Thanks for any help!
Sarah


----------



## Tabitha (Aug 1, 2008)

I really like www.internetbasedfamily.com
It's about $22.00 a month but has everything & is super easy.

They may have a 30 day free trial.


----------



## Ladybug Soapworks (Aug 1, 2008)

so you do not have to pay anything extra for a shopping cart?  Do you know what shopping cart is provided or is it one made by the company?  I am going to check the website now.  Thanks so much!
Sarah




			
				Tabitha said:
			
		

> I really like www.internetbasedfamily.com
> It's about $22.00 a month but has everything & is super easy.
> 
> They may have a 30 day free trial.


----------



## Lane (Aug 1, 2008)

Yahoo has a good site/merchant server system set up and if you know anything about coding you can put in your own PayPal cart system with basic html. 

Depending on how much time you have to put into it, you can code around pretty much anything to legally avoid merchant fees. Seems like web hosters want 2% for everything you sell....

I pay $11.95 a month for mine (www.luxurylanesoap.com)with NO fees going to anyone, other than the basic Paypal transaction fees. I like doing business strictly through Paypal because their system protects sellers and you never have to worry about someone turning around and saying, "hey you stole my CC info!". Paypal does all of the information storage for you. 

I find the all - in - one eCommerce sites are not flexible enough....

Oh course... I also do EVERYTHING the hard way  :roll:


----------



## Deda (Aug 2, 2008)

I'm taking the slow road building my website, indecisive is my middle name.

I use HostMonster.com I paid around 150 for 2 years.  They support SSL and SQL, plus they have built in access to great scripts like Wordpress,Ruby.
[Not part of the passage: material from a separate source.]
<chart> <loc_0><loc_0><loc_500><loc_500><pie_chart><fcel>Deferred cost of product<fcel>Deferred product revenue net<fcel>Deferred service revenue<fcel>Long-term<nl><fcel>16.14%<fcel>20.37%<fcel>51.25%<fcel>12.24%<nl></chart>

Joomla and PHPBB if you want  host your own forum.  Plus, they are based in Utah and customer service is fast, live and right here in the good ole USA.

I use Zen Cart for my website.  It's very flexible and you can choose to use one of their templates or do what I do and build your own.  I had to learn PHP - but that was on my TODO list anyway.  Most of the features in Zen Cart can be accessed through the Admin or via css if you don't know or want to learn PHP.  HTH

Now, if I could just figure out how I want my website to look I will be all AOK.


----------



## primitivekountry (Aug 3, 2008)

http://penneylayne.com/catalog.php?category=3


----------



## IanT (Aug 3, 2008)

im so lost when it comes to this stuff...ayeee lol.


----------



## pepperi27 (Aug 4, 2008)

I cannot do programming if I had to save my life! I had a website and gave it up because it was too problematic. I even bought a book on programming but only learned html!


----------



## Lane (Aug 4, 2008)

pepperi27 said:
			
		

> I cannot do programming if I had to save my life! I had a website and gave it up because it was too problematic. I even bought a book on programming but only learned html!


 All I know is basic HTML. Yup. That's it


----------



## PixieWick (Aug 4, 2008)

I recomend Ami 

she is a wonderful girl to work with, service is fabulous ..  .. rates are good 38 initial set up and 18 a month 



http://www.cyowebsites.com/

if you stop by tell'r Jodi Sent ya shes a good friend of mine


----------